Contra la dinámica de la acusación que gira en torno a los apedreamientos está la dinámica del anuncio que siempre comienza con gestos de inclinarse para servir y para ayudar al otro a ponerse de pie. Una y otra vez.

En estos breves e intensos días, hemos sido partícipes de la dinámica de la buena nueva que ha irrumpido en el mundo como un incontenible boca a boca en el que todos estamos anunciando y recordando los gestos del Papa Francisco con una alegría evangélica que trae el aire fresco de la mañana de la resurrección del Señor. Asistimos y protagonizamos, entre todos, a una especie de “narración de la buena noticia” en la que cada uno tiene algo personal para contar y que nos junta en pequeños grupos a los que unos acuden y se suman y otros salen y van a juntarse con otros…

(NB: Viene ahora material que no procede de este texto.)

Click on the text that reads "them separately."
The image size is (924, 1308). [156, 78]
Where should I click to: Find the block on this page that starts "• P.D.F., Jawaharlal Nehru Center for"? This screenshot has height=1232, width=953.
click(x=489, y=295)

La alegría y la consolación del Espíritu son el motor que pone todo en movimiento. La balanza multitudinaria se inclinó a favor cuando el papa Francisco se inclinó para pedir la bendición del pueblo de Roma y del mundo y todos rezamos en silencio por él. Así como otras veces la balanza se queda quieta y dubitativa y otras se inclina en contra, esta vez la gente aceptó el espíritu y se inclinó a favor. Quizás influyó el secreto con que el Señor cubrió la elección de los cardenales y la sorpresa y el recibimiento favorable hizo que el demonio no pudiera alertar a los suyos y cuando surgió –como siempre- el movimiento de la acusación ya era tarde. La catarata de agua viva positiva saltó hasta la vida eterna y la imagen positiva deseada por todos se juntó con la que nos brindaba Francisco en cada uno de sus gestos. Gestos sencillos de fraternidad universal, bien franciscanos, que se ven confirmados por la vida intachable del que los practicó espontáneamente en lo secreto toda su vida. Bergoglio se ha inclinado a lavar los pies de sus hermanos desde siempre: como laico, como cura, como obispo, como cardenal y ahora como papa. Desde el sencillo gesto de quien siempre te hace pasar primero cuando te recibe o te acompaña hasta los gestos litúrgicos de los lavatorios de pies en el Hogar, en la Villa, en la Maternidad, en el Geriátrico, en el Hospital de Niños. Siempre un paso más abajo que aquel a quien tiene enfrente: en el dar la palabra, en la manera de pedir un favor y en la manera de concederlo. Inclinarse, abajarse. Crecer es abajarse, fue su prédica constante como formador de los suyos. Rezamos por nuestro Papa Francisco e inclinamos el corazón hacia él para recibir las gracias que el Señor quiere dar a su Iglesia y al mundo a través del nuevo Pastor.